I was fairly sure that a USB OTG cable was about connecting using a tablet's mini USB socket as if it was a full size one (so irrelevant on this like Garmin computers that don't control USB devices) and nothing to do with charging but several of you seem to be saying it is so I'm doubting myself now!


----------



## wajc (24 Jul 2020)

mjr said:


> I was fairly sure that a USB OTG cable was about connecting using a tablet's mini USB socket as if it was a full size one (so irrelevant on this like Garmin computers that don't control USB devices) and nothing to do with charging but several of you seem to be saying it is so I'm doubting myself now!



If you want to charge a Garmin 500 then you definitely need an OTG USB cable if you want to charge and record at the same time. 

Plugging in a standard USB cable and connecting to a power bank when the Garmin 500 is recording results in the Garmin 500 entering charge mode only. Remove the cable and it powers off.

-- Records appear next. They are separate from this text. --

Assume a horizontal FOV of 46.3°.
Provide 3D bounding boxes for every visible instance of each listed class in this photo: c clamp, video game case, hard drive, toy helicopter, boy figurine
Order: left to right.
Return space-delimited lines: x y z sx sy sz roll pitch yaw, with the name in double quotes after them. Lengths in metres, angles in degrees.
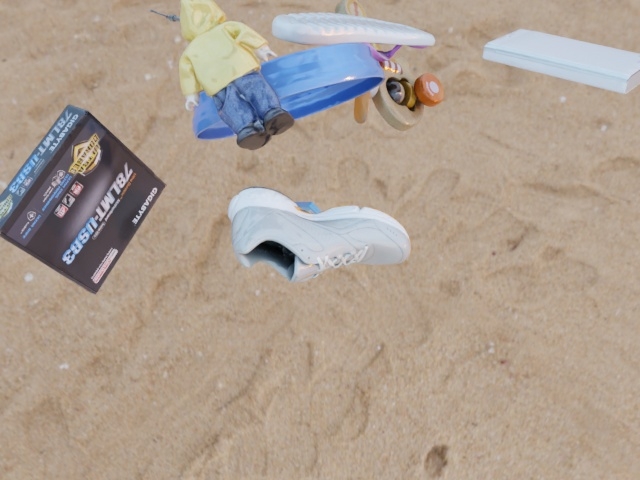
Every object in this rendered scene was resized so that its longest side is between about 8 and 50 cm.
-0.334 -0.558 1.910 0.161 0.022 0.137 22 15 37 "c clamp"
-0.164 -0.289 1.253 0.177 0.092 0.285 -35 77 12 "boy figurine"
0.007 -0.020 1.553 0.015 0.166 0.119 -52 23 -16 "video game case"
0.130 -0.427 1.828 0.235 0.140 0.355 -31 93 -43 "toy helicopter"
0.532 -0.389 1.599 0.307 0.040 0.203 23 35 30 "hard drive"

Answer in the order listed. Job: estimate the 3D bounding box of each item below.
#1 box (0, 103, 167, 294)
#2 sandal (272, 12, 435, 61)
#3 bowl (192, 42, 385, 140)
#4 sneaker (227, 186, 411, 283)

I've seen this topic discussed several times on various websites and forums and this particular 'feature' does seem to be restricted to the Garmin 500. I've heard many people offerring the 'useful' info that a standard cable works with their Garmin - which might be a 530/800/830 or whatever other version they have.


----------



## Ming the Merciless (24 Jul 2020)

Get an eTrex then don’t worry about battery life for trifling short rides such as 24 hours.🤪


----------



## ColinJ (24 Jul 2020)

YukonBoy said:


> Get an eTrex then don’t worry about battery life for trifling short rides such as 24 hours.🤪


I've got one, and I agree!

I use the Etrex for navigation, and my Edge 500 as a glorified bike computer.


----------



## Phaeton (24 Jul 2020)

wajc said:


> OTG USB cable


It's this forum wonderful, I have been involved in computers 35 years & never heard of one of those before, I should add I've just Googled it & I'm none the wiser


----------



## Ajax Bay (24 Jul 2020)

wajc said:


> If you want to charge a Garmin 500 then you definitely need an OTG USB cable if you want to charge and record at the same time.
> Plugging in a standard USB cable and connecting to a power bank when the Garmin 500 is recording results in the Garmin 500 entering charge mode only. Remove the cable and it powers off.


Authoritive statement ^^^
An OTG mini-USB cable and a male/male connector - duct-taping the two items together:





In retrospect I would have got a slightly longer cable (this one is 10cm).


----------